If $a=2$, the $bcd=300$, so $b<7$. If $b=2$, then $cd=150$, so $c=2,3,5,6,10$. If $b=3$, then $cd=100$, so $c,d=(4,25),(5,20),(10,10)$. If $b=4$, then $cd=75$, so $c=5,d=15$. If $b=5$, then $cd=60$, so $c,d=(5,12),(6,10)$. If $b=6$, then $cd=50$, which does not give any solutions.

If $a=1$, then $bcd=600$, so $b\le8$. If $b=1$, then $cd=600$, so we can have $c=1,2,3,4,5,6,8,10,12,15,20,24$. If $b=2$, then $cd=300$, so we can have $c=2,3,4,5,6,10,12,15$. If $b=3$, then $cd=200$, so we can have $c=4,5,8,10$. If $b=4$, then $cd=150$, so we can have $c=5,6,10$. If $b=5$, then $cd=120$, so we can have $c=5,6,8,10$. If $b=6$, then $cd=100$, so we can have $c=d=10$. If $b=8$, then $cd=75$, which has no solutions.
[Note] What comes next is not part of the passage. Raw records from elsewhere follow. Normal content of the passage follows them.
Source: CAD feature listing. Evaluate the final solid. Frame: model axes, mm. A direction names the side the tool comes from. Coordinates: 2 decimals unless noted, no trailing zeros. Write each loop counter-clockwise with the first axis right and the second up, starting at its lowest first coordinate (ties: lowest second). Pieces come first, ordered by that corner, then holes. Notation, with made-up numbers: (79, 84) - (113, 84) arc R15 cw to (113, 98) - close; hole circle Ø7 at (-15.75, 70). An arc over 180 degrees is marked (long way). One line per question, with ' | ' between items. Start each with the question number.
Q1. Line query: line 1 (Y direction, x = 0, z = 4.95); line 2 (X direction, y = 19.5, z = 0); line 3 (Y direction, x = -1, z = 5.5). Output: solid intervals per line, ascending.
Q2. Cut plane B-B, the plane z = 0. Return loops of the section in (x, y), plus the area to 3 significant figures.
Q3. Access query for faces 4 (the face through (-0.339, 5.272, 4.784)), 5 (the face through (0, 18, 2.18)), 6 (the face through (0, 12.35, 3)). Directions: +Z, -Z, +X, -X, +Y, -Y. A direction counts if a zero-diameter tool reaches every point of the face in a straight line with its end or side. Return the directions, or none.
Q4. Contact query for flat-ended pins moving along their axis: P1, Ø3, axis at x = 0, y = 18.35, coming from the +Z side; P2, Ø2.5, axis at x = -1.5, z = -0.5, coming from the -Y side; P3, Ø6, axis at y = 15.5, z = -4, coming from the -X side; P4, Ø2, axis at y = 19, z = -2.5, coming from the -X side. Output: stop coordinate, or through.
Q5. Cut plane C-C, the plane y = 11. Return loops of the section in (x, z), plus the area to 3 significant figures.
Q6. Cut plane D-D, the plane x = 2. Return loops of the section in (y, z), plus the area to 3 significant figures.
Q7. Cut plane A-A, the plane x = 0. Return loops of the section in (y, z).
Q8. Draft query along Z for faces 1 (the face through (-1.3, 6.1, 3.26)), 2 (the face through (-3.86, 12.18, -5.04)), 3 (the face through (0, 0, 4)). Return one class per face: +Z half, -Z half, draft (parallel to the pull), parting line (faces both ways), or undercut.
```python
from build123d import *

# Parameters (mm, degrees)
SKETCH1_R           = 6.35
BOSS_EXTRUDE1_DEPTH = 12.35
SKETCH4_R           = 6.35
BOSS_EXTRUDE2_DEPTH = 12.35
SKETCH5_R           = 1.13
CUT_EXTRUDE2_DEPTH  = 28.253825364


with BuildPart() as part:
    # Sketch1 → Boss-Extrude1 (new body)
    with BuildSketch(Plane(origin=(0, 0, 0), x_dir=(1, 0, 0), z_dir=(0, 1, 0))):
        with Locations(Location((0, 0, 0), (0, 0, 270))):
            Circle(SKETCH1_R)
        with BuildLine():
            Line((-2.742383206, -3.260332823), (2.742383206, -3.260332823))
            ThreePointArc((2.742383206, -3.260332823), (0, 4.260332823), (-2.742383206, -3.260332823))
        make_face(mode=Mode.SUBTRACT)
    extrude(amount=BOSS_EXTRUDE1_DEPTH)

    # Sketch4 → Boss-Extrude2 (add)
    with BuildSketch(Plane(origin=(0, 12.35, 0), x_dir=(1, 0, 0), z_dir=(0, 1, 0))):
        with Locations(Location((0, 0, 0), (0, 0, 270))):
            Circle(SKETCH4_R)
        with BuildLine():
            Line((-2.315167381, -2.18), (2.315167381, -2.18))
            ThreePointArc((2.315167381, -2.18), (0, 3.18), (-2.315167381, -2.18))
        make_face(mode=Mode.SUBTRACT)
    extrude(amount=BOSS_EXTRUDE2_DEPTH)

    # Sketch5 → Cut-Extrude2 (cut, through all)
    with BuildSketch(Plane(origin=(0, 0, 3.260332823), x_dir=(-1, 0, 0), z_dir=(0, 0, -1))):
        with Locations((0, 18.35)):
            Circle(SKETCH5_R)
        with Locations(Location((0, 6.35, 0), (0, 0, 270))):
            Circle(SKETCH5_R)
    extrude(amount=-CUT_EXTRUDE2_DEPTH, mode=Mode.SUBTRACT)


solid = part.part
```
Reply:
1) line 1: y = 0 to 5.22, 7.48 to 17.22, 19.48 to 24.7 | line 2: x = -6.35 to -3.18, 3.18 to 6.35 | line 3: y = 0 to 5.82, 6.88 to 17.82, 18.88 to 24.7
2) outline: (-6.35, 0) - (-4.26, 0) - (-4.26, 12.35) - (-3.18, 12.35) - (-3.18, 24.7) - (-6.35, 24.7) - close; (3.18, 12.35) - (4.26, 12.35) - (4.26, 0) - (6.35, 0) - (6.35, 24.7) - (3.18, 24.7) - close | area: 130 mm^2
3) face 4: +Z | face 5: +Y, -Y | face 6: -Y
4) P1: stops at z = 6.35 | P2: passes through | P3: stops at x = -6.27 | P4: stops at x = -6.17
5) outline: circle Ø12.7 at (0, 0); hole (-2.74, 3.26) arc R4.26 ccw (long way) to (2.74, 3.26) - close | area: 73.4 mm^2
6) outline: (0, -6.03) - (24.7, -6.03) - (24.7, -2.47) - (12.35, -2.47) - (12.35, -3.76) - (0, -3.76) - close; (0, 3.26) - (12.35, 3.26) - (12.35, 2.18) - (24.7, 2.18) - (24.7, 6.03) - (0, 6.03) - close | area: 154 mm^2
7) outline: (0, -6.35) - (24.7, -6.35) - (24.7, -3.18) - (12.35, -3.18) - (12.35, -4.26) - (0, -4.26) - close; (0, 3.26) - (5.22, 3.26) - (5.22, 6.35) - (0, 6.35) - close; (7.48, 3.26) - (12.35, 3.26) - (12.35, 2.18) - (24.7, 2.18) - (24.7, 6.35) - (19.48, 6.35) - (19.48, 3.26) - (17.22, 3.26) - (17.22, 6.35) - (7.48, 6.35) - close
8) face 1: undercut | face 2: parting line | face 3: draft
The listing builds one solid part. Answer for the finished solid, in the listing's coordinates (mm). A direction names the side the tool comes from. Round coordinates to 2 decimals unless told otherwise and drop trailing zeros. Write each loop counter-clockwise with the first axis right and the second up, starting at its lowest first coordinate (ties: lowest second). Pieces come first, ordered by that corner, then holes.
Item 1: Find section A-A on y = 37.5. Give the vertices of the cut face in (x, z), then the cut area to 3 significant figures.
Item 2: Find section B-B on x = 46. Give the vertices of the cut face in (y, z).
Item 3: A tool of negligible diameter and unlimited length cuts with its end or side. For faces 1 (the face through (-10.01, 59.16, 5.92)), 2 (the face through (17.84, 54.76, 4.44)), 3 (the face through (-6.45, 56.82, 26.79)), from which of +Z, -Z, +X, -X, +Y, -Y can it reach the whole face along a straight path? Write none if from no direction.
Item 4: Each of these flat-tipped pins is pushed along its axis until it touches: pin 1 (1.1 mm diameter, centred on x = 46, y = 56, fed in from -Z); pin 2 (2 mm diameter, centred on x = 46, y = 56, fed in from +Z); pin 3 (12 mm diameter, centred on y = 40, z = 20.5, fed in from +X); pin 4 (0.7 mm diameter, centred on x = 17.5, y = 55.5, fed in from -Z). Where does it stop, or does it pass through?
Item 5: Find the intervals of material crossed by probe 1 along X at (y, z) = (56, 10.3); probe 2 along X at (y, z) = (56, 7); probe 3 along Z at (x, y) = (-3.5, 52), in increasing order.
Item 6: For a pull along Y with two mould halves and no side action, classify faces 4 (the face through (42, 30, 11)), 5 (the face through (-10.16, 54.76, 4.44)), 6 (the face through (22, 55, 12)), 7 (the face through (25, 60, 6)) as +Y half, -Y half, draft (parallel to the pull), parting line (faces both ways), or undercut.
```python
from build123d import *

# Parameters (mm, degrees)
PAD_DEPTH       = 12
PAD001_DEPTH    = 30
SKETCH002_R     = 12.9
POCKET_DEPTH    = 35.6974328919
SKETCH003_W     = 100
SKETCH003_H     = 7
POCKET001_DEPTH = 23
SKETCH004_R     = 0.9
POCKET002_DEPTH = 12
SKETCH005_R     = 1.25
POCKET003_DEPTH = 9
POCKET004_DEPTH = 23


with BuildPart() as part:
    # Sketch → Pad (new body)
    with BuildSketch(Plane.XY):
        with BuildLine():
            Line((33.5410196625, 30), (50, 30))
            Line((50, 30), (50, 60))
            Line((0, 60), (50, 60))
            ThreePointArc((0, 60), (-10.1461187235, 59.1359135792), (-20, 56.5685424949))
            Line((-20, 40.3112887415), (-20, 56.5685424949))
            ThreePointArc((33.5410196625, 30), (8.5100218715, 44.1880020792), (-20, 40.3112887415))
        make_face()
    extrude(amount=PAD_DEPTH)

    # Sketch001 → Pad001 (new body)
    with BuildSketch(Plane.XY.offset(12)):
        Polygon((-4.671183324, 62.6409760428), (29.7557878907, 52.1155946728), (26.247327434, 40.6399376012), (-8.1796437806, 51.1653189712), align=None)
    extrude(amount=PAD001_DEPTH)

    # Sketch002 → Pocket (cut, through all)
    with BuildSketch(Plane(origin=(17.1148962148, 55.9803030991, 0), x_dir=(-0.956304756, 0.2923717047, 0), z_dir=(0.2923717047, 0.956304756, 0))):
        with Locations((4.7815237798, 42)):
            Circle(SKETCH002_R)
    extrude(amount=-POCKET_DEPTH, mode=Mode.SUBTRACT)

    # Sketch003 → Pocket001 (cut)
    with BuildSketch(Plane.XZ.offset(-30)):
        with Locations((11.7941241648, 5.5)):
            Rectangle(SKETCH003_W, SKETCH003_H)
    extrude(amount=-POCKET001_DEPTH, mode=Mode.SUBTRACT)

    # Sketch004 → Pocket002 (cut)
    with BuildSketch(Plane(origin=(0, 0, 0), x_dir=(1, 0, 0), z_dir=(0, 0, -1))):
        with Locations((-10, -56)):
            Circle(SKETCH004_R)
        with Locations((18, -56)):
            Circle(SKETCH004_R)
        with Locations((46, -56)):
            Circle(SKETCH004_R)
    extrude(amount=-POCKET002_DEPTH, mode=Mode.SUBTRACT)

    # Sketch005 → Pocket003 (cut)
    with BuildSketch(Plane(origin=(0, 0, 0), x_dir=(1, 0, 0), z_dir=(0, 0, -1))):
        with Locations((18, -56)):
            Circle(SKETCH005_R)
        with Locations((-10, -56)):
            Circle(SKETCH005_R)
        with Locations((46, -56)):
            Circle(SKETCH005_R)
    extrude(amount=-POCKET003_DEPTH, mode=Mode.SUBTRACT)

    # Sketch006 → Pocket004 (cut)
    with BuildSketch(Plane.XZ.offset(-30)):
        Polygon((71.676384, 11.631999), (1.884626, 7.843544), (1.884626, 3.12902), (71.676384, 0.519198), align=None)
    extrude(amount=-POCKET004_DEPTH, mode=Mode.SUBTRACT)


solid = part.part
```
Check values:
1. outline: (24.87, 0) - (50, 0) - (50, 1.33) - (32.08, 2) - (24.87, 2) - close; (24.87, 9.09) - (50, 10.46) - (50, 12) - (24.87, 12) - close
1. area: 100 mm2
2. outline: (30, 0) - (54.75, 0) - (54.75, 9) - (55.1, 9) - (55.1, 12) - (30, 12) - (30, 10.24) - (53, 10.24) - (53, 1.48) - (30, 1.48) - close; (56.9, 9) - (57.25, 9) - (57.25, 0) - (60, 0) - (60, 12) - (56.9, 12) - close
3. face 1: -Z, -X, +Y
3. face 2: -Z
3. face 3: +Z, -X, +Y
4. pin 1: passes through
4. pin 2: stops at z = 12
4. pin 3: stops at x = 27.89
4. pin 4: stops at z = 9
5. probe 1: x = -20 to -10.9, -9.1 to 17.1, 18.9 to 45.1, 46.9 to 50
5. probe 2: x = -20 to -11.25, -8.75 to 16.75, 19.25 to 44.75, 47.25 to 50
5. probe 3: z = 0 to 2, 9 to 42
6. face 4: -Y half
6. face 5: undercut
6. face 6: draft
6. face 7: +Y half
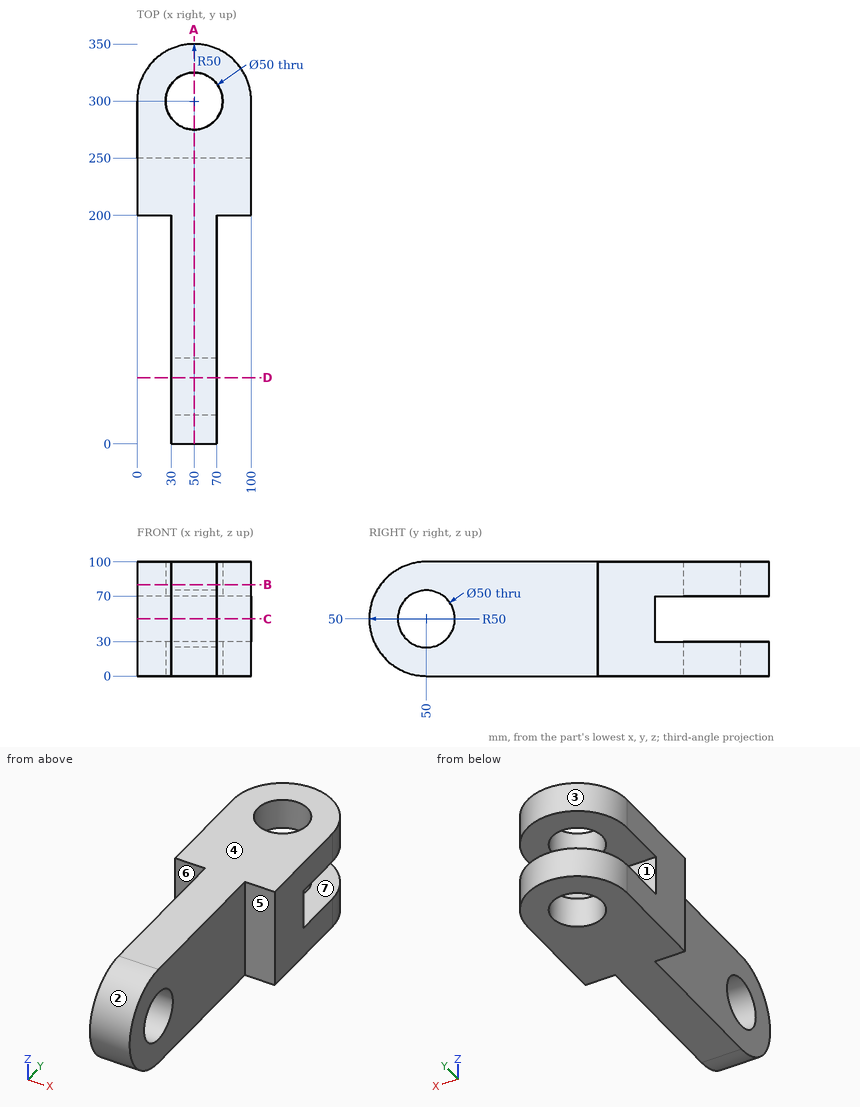
Study the drawing (mm; zero at the part's minimum x, y, z) and answer. A direction names the side the tool comes from. Give positions to 0.01 mm unless a question says otherwise; leave off trailing zeros. Write each loop counter-clockwise with the first axis right and the second up, starting at its lowest first coordinate (ties: lowest second). Pieces come first, ordered by that corner, then holes. Notation, with made-up numbers: (75, -17) - (84, -17) arc R17 ccw to (84, -9) - close; hole circle Ø8 at (35.25, 41.5). An arc over 180 degrees is marked (long way). Use a Markdown table: item, result.
1. For a pull along Z with two mould halves and no side action, classify the marked faces 1, 2 and 3 as released by +Z, released by -Z, zero draft, split by the parting line, or undercut.
Values follow:
| item | result |
|---|---|
| face 1 | undercut |
| face 2 | split by the parting line |
| face 3 | zero draft |
2. Section A-A on x = 50 is taken. Write down the section's boundary in (y, z).
Values follow:
| item | result |
|---|---|
| outline | (50, 0) - (275, 0) - (275, 30) - (250, 30) - (250, 70) - (275, 70) - (275, 100) - (50, 100) arc R50 ccw to start; (325, 0) - (350, 0) - (350, 30) - (325, 30) - close; (325, 70) - (350, 70) - (350, 100) - (325, 100) - close; hole circle Ø50 at (50, 50) |
3. Section B-B on z = 80 is taken. Write down the section's boundary in (x, y).
Values follow:
| item | result |
|---|---|
| outline | (0, 200) - (30, 200) - (30, 10) - (70, 10) - (70, 200) - (100, 200) - (100, 300) arc R50 ccw to (0, 300) - close; hole circle Ø50 at (50, 300) |
4. Find the intervals of material crossed by probe 1 along Z at (x, y) = (93, 261); probe 2 along Y at (x, z) = (56, 50); probe 3 along X at (y, z) = (300, 78), in increasing order. Write a range as from..to.
Values follow:
| item | result |
|---|---|
| probe 1 | z = 0..30, 70..100 |
| probe 2 | y = 0..25, 75..250 |
| probe 3 | x = 0..25, 75..100 |
5. Section D-D on y = 58 is taken. Write down the section's boundary in (x, z).
Values follow:
| item | result |
|---|---|
| outline | (30, 0) - (70, 0) - (70, 26.31) - (30, 26.31) - close; (30, 73.69) - (70, 73.69) - (70, 100) - (30, 100) - close |
6. Each of these flat-tipped pins is pushed along its axis until it touches: P1, Ø1.5, axis at x = 56.5, z = 55, coming from the +Y side; P2, Ø8, axis at y = 52, z = 76.5, coming from the +X side; P3, Ø15, axis at x = 78, z = 28, coming from the -Y side. Where does it stop, or does it pass through?
Values follow:
| item | result |
|---|---|
| P1 | stops at y = 250 |
| P2 | stops at x = 70 |
| P3 | stops at y = 200 |
7. A tool of negligible diameter and unlimited length cuts with its end or side. For the marked faces 4, 5, 6 and 7, from which of +Z, -Z, +X, -X, +Y, -Y can it reach the whole face along a straight path? Write none if from no direction.
Values follow:
| item | result |
|---|---|
| face 4 | +Z, +X, -X, +Y, -Y |
| face 5 | +Z, -Z, +X, -Y |
| face 6 | +Z, -Z, -X, -Y |
| face 7 | +X, -X, +Y |
8. Section C-C on z = 50 is taken. Write down the section's boundary in (x, y), plus the area to 3 significant figures.
Values follow:
| item | result |
|---|---|
| outline | (0, 200) - (30, 200) - (30, 75) - (70, 75) - (70, 200) - (100, 200) - (100, 250) - (0, 250) - close; (30, 0) - (70, 0) - (70, 25) - (30, 25) - close |
| area | 11,000 mm² |

Summary: $(a,b,c,d)=$(4,5,5,6),(3,4,5,10),(3,5,5,8),(2,2,2,75),(2,2,3,50),(2,2,5,30),(2,2,6,25),(2,2,10,15),(2,3,4,25),(2,3,5,20),(2,3,10,10),(2,4,5,15),(2,5,5,12),(2,5,6,10),(1,1,1,600),(1,1,2,300),(1,1,3,200),(1,1,4,150),(1,1,5,120),(1,1,6,100),(1,1,8,75),(1,1,10,60),(1,1,12,50),(1,1,15,40),(1,1,20,30),(1,1,24,25),(1,2,2,150),(1,2,3,100),(1,2,4,75),(1,2,5,60),(1,2,6,50),(1,2,10,30),(1,2,12,25),(1,2,15,20),(1,3,4,50),(1,3,5,40),(1,3,8,25),(1,3,10,20),(1,4,5,30),(1,4,6,25),(1,4,10,15),(1,5,5,24),(1,5,6,20),(1,5,8,15),(1,5,10,12),(1,6,10,10). Total 46 solutions.